The Biotinylated Anti-DNAM1 Antibody (HDLA058) is a key tool for researchers studying DNAM1, a cell surface receptor involved in the immune response and immune cell activation. This antibody is produced using advanced biotinylation technology, allowing for easy detection and analysis of DNAM1 in a variety of samples.The anti-DNAM1 antibody is raised in rabbits and has been validated for use in applications such as immunofluorescence, flow cytometry, and immunohistochemistry. It specifically binds to DNAM1, enabling researchers to accurately assess its expression and localization in different cell types and tissues.
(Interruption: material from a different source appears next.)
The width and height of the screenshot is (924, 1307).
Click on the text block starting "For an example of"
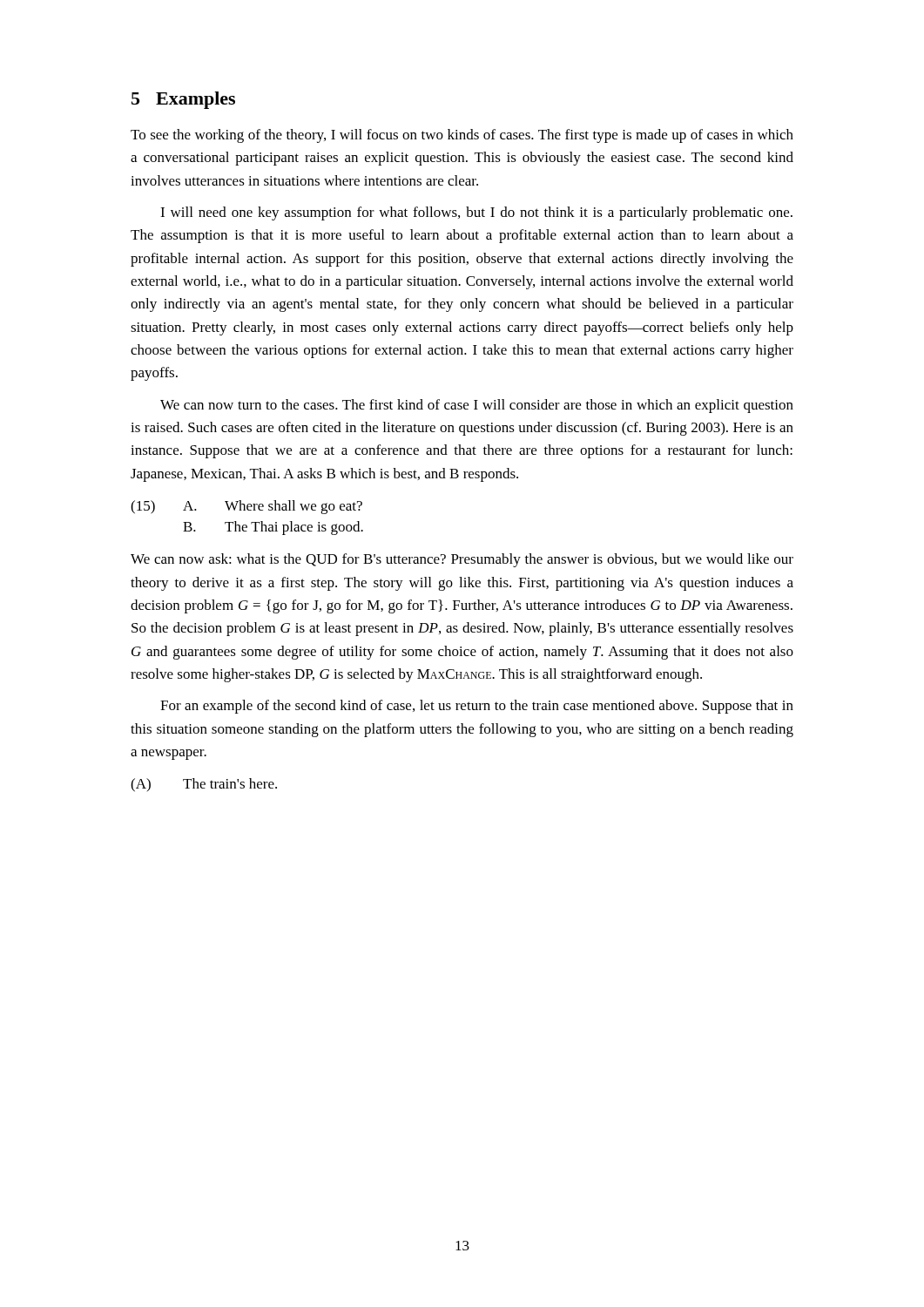(x=462, y=729)

DNAM1 is a critical molecule in immune surveillance, adhesion, and cytotoxicity, making it a valuable target for studies in immunology, cancer biology, and infectious diseases. By using the Biotinylated Anti-DNAM1 Antibody, researchers can gain insights into the role of DNAM1 in various physiological and pathological processes, ultimately advancing our understanding of immune regulation and potential therapeutic interventions.
SKU:
HDLA058
Size:
100 µg
Clonality:
Monoclonal
Clone:
DM96
Synonyms:
DNAM1, CD226, PTA1
Applications:
ELISA, Flow Cyt
Recommended Dilution:
ELISA 1:5000-10000; Flow Cyt 1:100
Host Species:
Rabbit
Isotype:
Rabbit IgG
Reactivity:
Human
Purification Method:
Purified from cell culture supernatant by affinity chromatography
Formulation:
Powder
Buffer:
1XPBS
Storage:
Store at -20°C to -80°C for 12 months in lyophilized form. After reconstitution, if not intended for use within a month, aliquot and store at -80°C (Avoid repeated freezing and thawing).Lyophilized antibodies are shipped at ambient temperature.
Usage:
Research use only
Background:
This gene encodes a glycoprotein expressed on the surface of NK cells, platelets, monocytes and a subset of T cells. It is a member of the Ig-superfamily containing 2 Ig-like domains of the V-set. The protein mediates cellular adhesion of platelets and megakaryocytic cells to vascular endothelial cells. The protein also plays a role in megakaryocytic cell maturation. Alternative splicing results in multiple transcript variants.